During the turbulent reign of Mary Queen of Scots and James VI, the Jesuits played a significant role in preserving Catholicism in the land of John Knox.
The Jesuits played an important role in the preservation of the Catholic faith in Scotland from the time of its first mission to Ireland and Scotland in 1541 until the accession of James VI to the English throne in 1603. Twenty years later, following Nicholas de Gouda’s mission to Mary, Queen of Scots, in 1562 there was a significant influx of Scottish recruits though it was a further twenty years before a formal Scottish mission was established. During this time the young Scottish recruits underwent a rigorous training programme in colleges throughout Europe. William Crichton, James Gordon and Edmund Hay, three of the earliest Scottish Jesuits, were particularly active during the 1580s, which marked the high point of Catholic militancy in Scotland. Despite the success of the Catholic army at Glenlivet in 1594 and the best efforts of the Society of Jesus, this militancy declined from the mid-1590s onwards. Nevertheless, the Society remained active in Scotland, attempting to influence James and his wife, Anne, who was converted to Catholicism by Robert Abercrombie. James’s accession to the English throne was a watershed for the Society, after which religious toleration for the Catholic community rather than the forcible conversion of Scotland became the priority.

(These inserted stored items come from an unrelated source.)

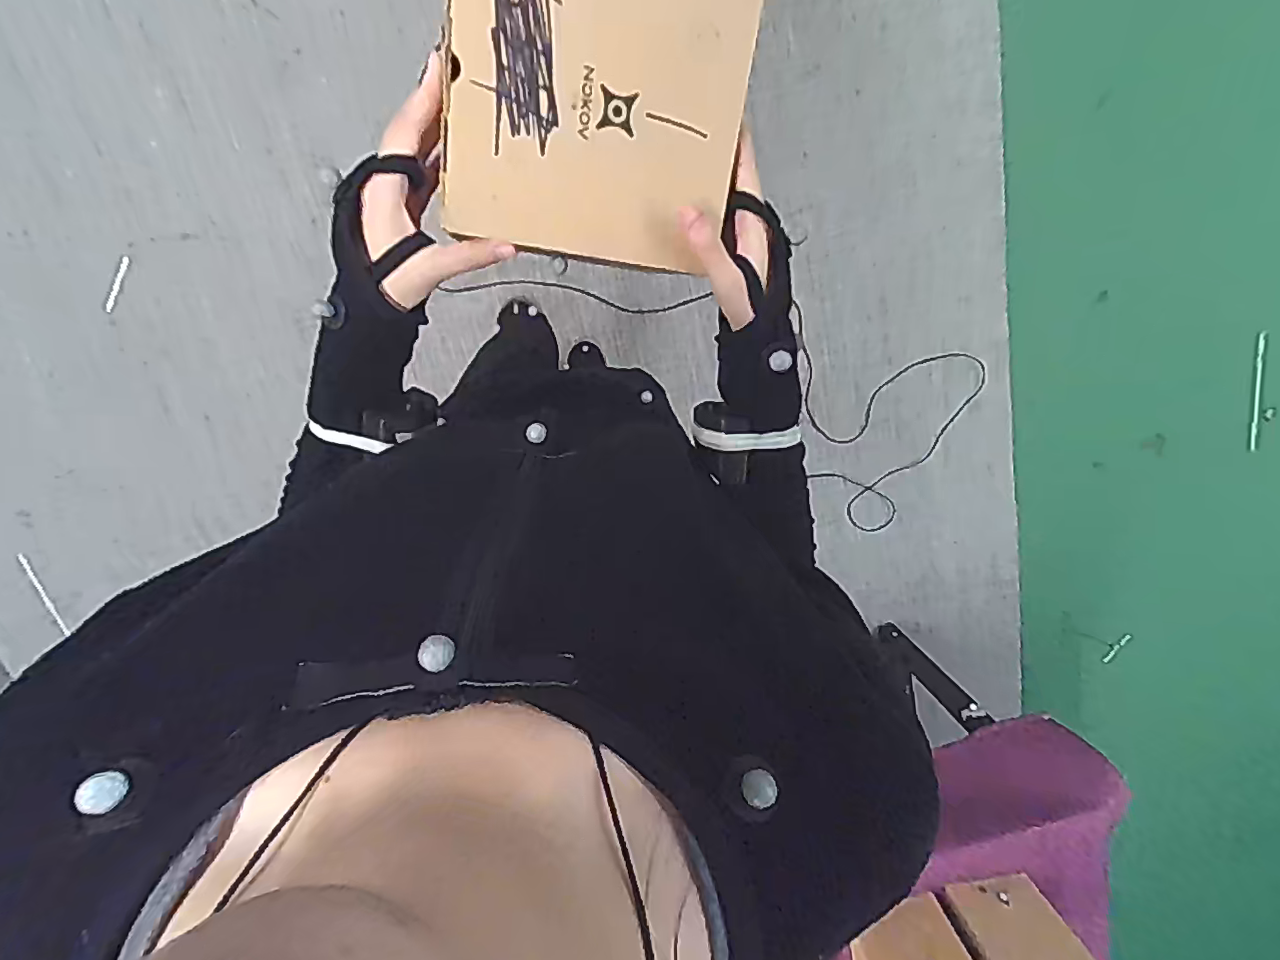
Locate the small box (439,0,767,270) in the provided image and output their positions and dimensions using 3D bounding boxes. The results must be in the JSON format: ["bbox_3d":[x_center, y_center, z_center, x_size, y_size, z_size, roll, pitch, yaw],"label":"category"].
[{"bbox_3d":[-0.041,-0.248,0.381,0.179,0.176,0.168,3,110,-18],"label":"small box"}]
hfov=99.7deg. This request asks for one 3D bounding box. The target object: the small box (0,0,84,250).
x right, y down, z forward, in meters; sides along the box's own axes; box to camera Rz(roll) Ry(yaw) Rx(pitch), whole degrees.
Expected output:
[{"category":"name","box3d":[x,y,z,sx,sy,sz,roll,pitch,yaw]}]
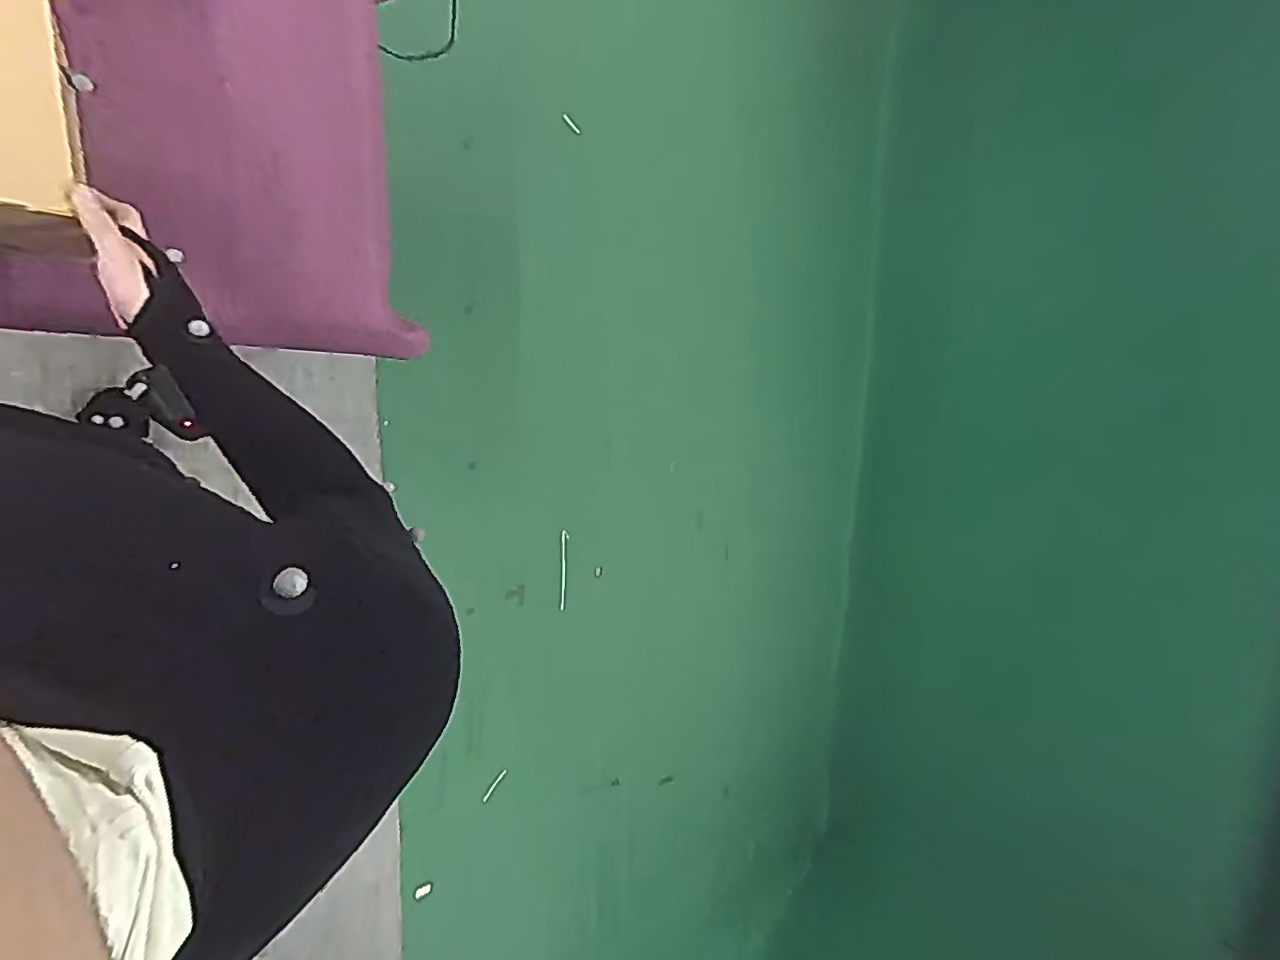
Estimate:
[{"category":"small box","box3d":[-0.587,-0.311,0.442,0.168,0.176,0.179,-7,99,-41]}]
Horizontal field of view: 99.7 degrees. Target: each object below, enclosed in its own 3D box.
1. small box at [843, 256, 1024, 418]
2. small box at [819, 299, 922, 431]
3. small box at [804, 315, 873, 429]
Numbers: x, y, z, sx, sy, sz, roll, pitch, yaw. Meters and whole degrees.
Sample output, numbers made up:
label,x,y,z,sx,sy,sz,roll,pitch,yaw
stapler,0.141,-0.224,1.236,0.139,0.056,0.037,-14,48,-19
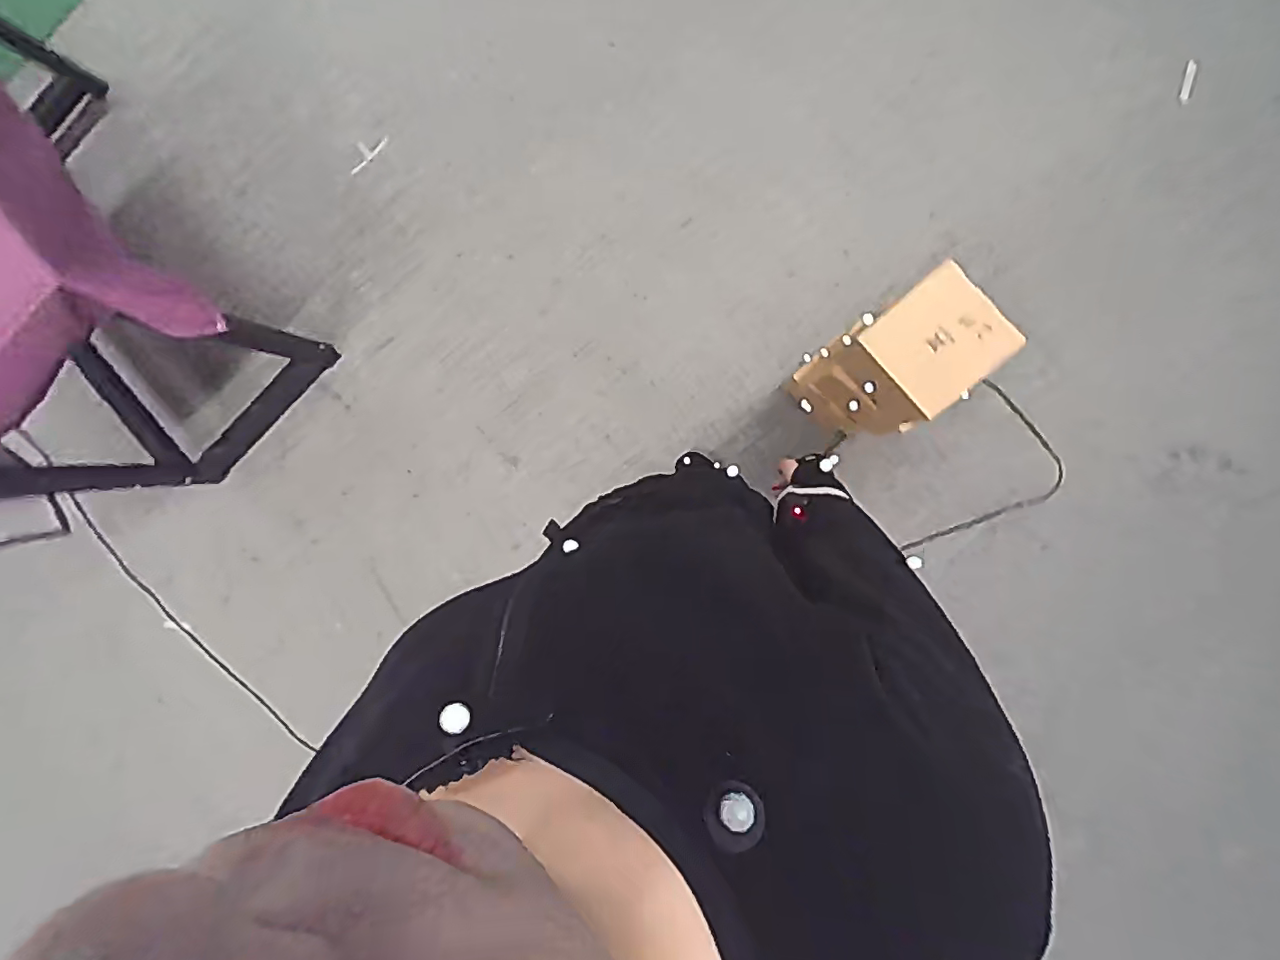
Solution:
label,x,y,z,sx,sy,sz,roll,pitch,yaw
small box,0.453,-0.215,0.873,0.179,0.176,0.168,-40,87,8
small box,0.474,-0.210,1.037,0.179,0.176,0.168,41,97,5
small box,0.485,-0.227,1.199,0.168,0.176,0.179,38,96,4
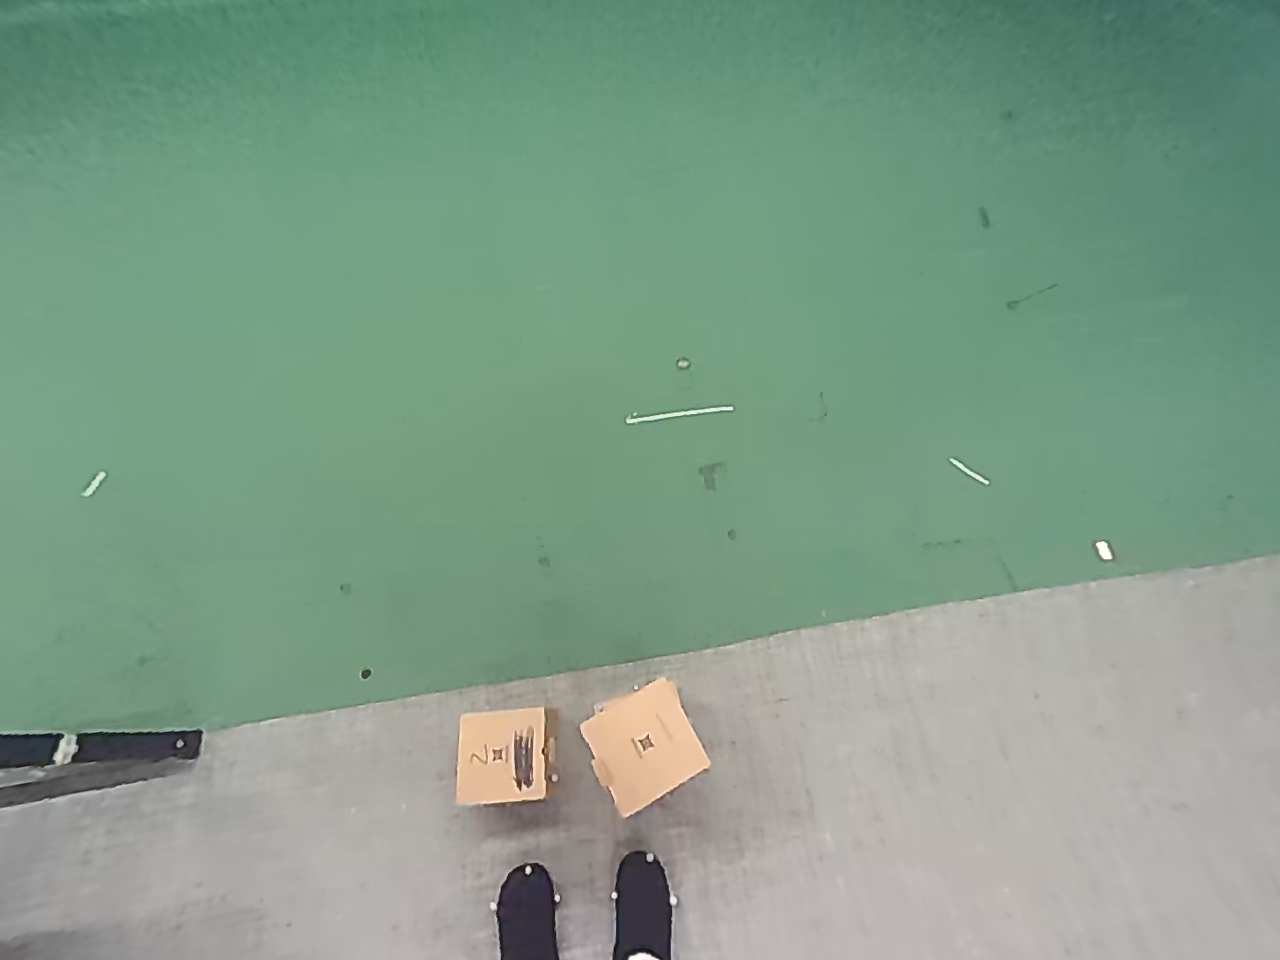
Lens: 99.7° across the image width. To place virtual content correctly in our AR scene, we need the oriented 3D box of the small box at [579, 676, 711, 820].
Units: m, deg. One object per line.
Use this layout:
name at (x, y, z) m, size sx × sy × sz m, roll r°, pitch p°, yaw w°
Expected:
small box at (0.007, 0.482, 0.989) m, size 0.179 × 0.176 × 0.168 m, roll -27°, pitch 71°, yaw -12°

Michael Yellowlees is a history and law graduate of Edinburgh University. In 1990 he completed his post doctorate thesis, Dunkeld at the Reformation. He has written articles for the Innes Review and is a contributor to the new Dictionary of National Biography. He was a civil servant and an international hockey player before entering the legal profession and currently practices in Edinburgh, specialising in rural property.